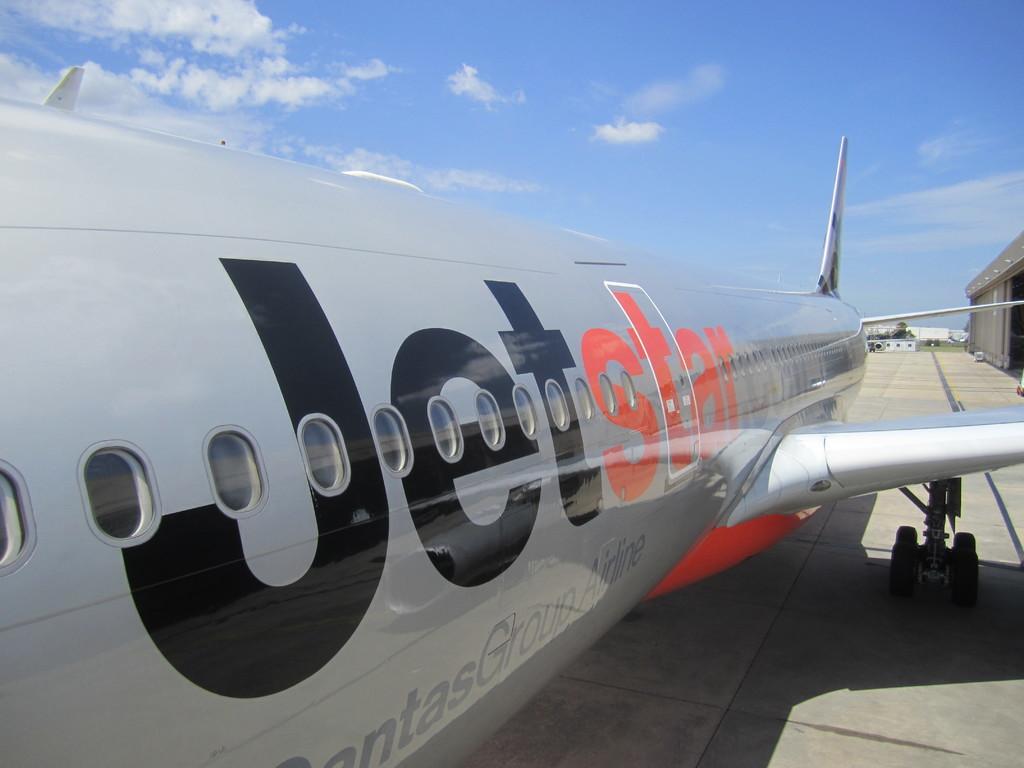What airline is this jet from?
Provide a short and direct response. Jetstar. What colors are the logo?
Offer a terse response. Black and red. 
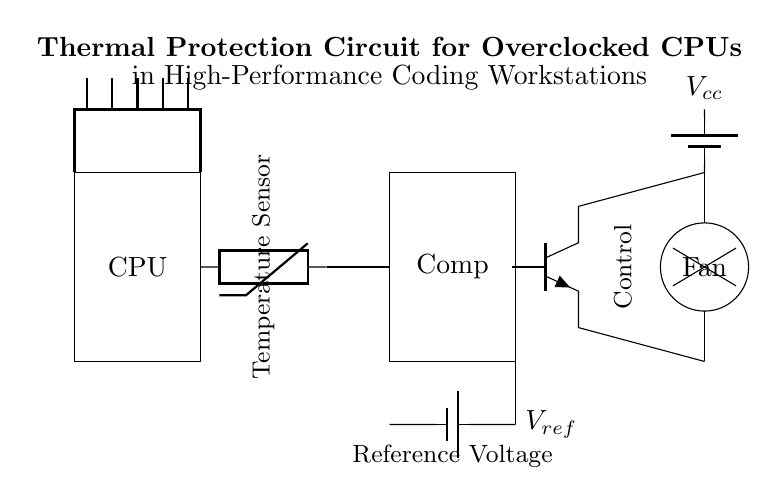What is the main component used for temperature sensing in this circuit? The temperature sensing is performed by the thermistor, which is clearly labeled in the circuit diagram. It connects the CPU to the comparator and measures the temperature.
Answer: thermistor What does the comparator compare against? The comparator compares the voltage from the thermistor with the reference voltage, which is provided by the battery labeled as Vref. It is essential for determining whether temperature conditions are safe or if cooling needs to be activated.
Answer: reference voltage What component is responsible for cooling in this circuit? The fan is the component responsible for cooling. It is shown in the circuit diagram as a circular shape and is connected to the output of the transistor, which activates it based on the comparator's output.
Answer: fan What is the role of the transistor in this circuit? The transistor acts as a control element, determining whether the fan should be turned on or off based on the output of the comparator. When the temperature exceeds the threshold, the transistor will allow current to flow to the fan.
Answer: control How does the reference voltage affect the operation of the circuit? The reference voltage sets a threshold that the voltage from the thermistor is compared against. If the thermistor's voltage exceeds this reference voltage, the comparator activates the transistor, which turns on the fan to cool the CPU.
Answer: sets threshold What is the purpose of the battery labeled Vcc in this circuit? The battery labeled Vcc provides the necessary voltage supply for the entire circuit, particularly for powering the fan and the transistor to control its operation.
Answer: power supply What happens if the temperature sensor detects an unsafe temperature? If the thermistor detects a temperature above the reference voltage, the comparator will signal the transistor to turn on, which activates the fan to cool down the CPU, protecting it from thermal damage.
Answer: activates fan 
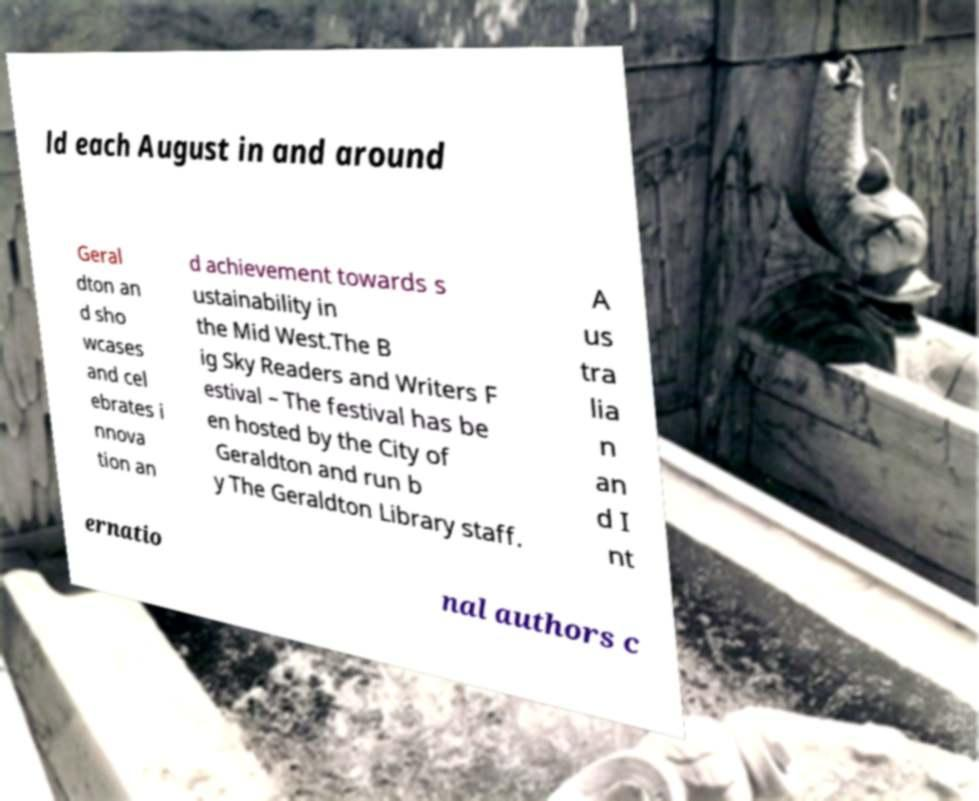Please identify and transcribe the text found in this image. ld each August in and around Geral dton an d sho wcases and cel ebrates i nnova tion an d achievement towards s ustainability in the Mid West.The B ig Sky Readers and Writers F estival – The festival has be en hosted by the City of Geraldton and run b y The Geraldton Library staff. A us tra lia n an d I nt ernatio nal authors c 
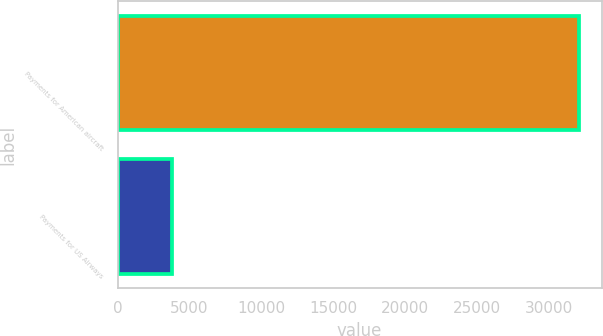<chart> <loc_0><loc_0><loc_500><loc_500><bar_chart><fcel>Payments for American aircraft<fcel>Payments for US Airways<nl><fcel>32073<fcel>3818<nl></chart> 
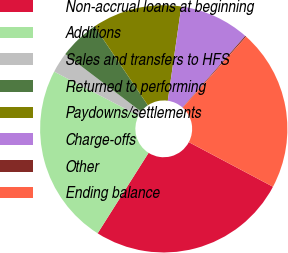Convert chart to OTSL. <chart><loc_0><loc_0><loc_500><loc_500><pie_chart><fcel>Non-accrual loans at beginning<fcel>Additions<fcel>Sales and transfers to HFS<fcel>Returned to performing<fcel>Paydowns/settlements<fcel>Charge-offs<fcel>Other<fcel>Ending balance<nl><fcel>26.22%<fcel>23.68%<fcel>2.68%<fcel>5.21%<fcel>11.72%<fcel>9.19%<fcel>0.15%<fcel>21.15%<nl></chart> 
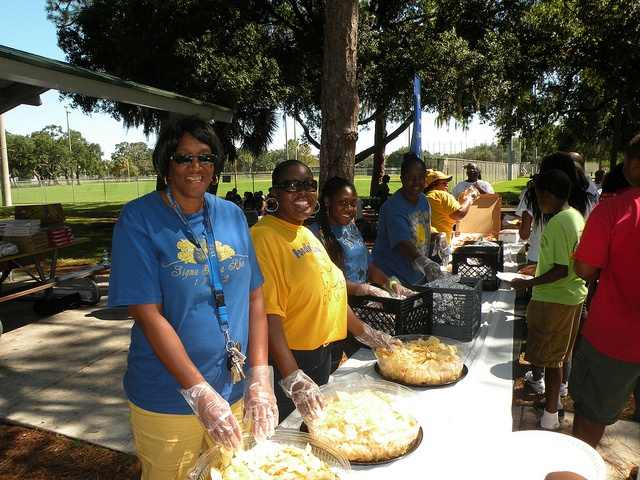Describe the objects in this image and their specific colors. I can see dining table in lightblue, white, black, khaki, and gray tones, people in lightblue, navy, black, blue, and darkblue tones, people in lightblue, orange, olive, black, and maroon tones, people in lightblue, maroon, black, and salmon tones, and people in lightblue, black, darkgreen, maroon, and gray tones in this image. 
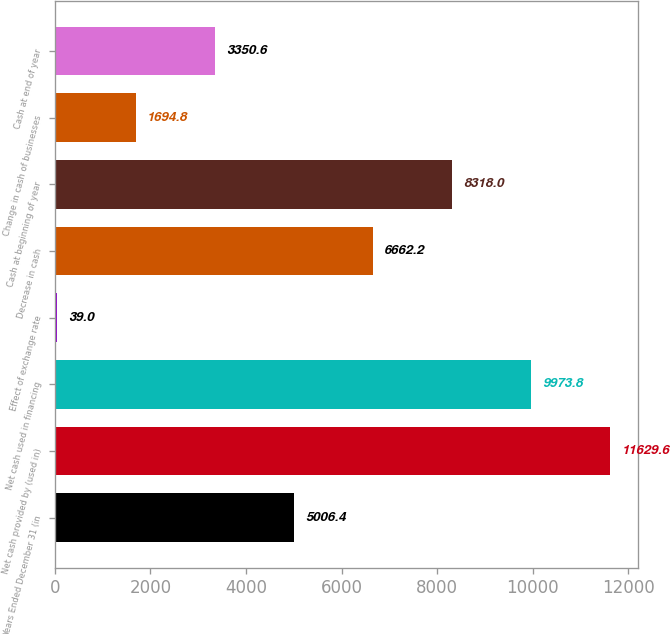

--

Exercise directions - All of the data should come back exactly as written, but without pictures.

Finished task -
What airline is this jet from?
Provide a short and direct response. Jetstar. What colors are the logo?
Offer a terse response. Black and red. 
What is the main component used for temperature sensing in this circuit? The temperature sensing is performed by the thermistor, which is clearly labeled in the circuit diagram. It connects the CPU to the comparator and measures the temperature.
Answer: thermistor What does the comparator compare against? The comparator compares the voltage from the thermistor with the reference voltage, which is provided by the battery labeled as Vref. It is essential for determining whether temperature conditions are safe or if cooling needs to be activated.
Answer: reference voltage What component is responsible for cooling in this circuit? The fan is the component responsible for cooling. It is shown in the circuit diagram as a circular shape and is connected to the output of the transistor, which activates it based on the comparator's output.
Answer: fan What is the role of the transistor in this circuit? The transistor acts as a control element, determining whether the fan should be turned on or off based on the output of the comparator. When the temperature exceeds the threshold, the transistor will allow current to flow to the fan.
Answer: control How does the reference voltage affect the operation of the circuit? The reference voltage sets a threshold that the voltage from the thermistor is compared against. If the thermistor's voltage exceeds this reference voltage, the comparator activates the transistor, which turns on the fan to cool the CPU.
Answer: sets threshold What is the purpose of the battery labeled Vcc in this circuit? The battery labeled Vcc provides the necessary voltage supply for the entire circuit, particularly for powering the fan and the transistor to control its operation.
Answer: power supply What happens if the temperature sensor detects an unsafe temperature? If the thermistor detects a temperature above the reference voltage, the comparator will signal the transistor to turn on, which activates the fan to cool down the CPU, protecting it from thermal damage.
Answer: activates fan 
Please identify and transcribe the text found in this image. ld each August in and around Geral dton an d sho wcases and cel ebrates i nnova tion an d achievement towards s ustainability in the Mid West.The B ig Sky Readers and Writers F estival – The festival has be en hosted by the City of Geraldton and run b y The Geraldton Library staff. A us tra lia n an d I nt ernatio nal authors c 
<chart> <loc_0><loc_0><loc_500><loc_500><bar_chart><fcel>Payments for American aircraft<fcel>Payments for US Airways<nl><fcel>32073<fcel>3818<nl></chart> 
Convert chart to OTSL. <chart><loc_0><loc_0><loc_500><loc_500><pie_chart><fcel>Non-accrual loans at beginning<fcel>Additions<fcel>Sales and transfers to HFS<fcel>Returned to performing<fcel>Paydowns/settlements<fcel>Charge-offs<fcel>Other<fcel>Ending balance<nl><fcel>26.22%<fcel>23.68%<fcel>2.68%<fcel>5.21%<fcel>11.72%<fcel>9.19%<fcel>0.15%<fcel>21.15%<nl></chart> 
Describe the objects in this image and their specific colors. I can see dining table in lightblue, white, black, khaki, and gray tones, people in lightblue, navy, black, blue, and darkblue tones, people in lightblue, orange, olive, black, and maroon tones, people in lightblue, maroon, black, and salmon tones, and people in lightblue, black, darkgreen, maroon, and gray tones in this image. 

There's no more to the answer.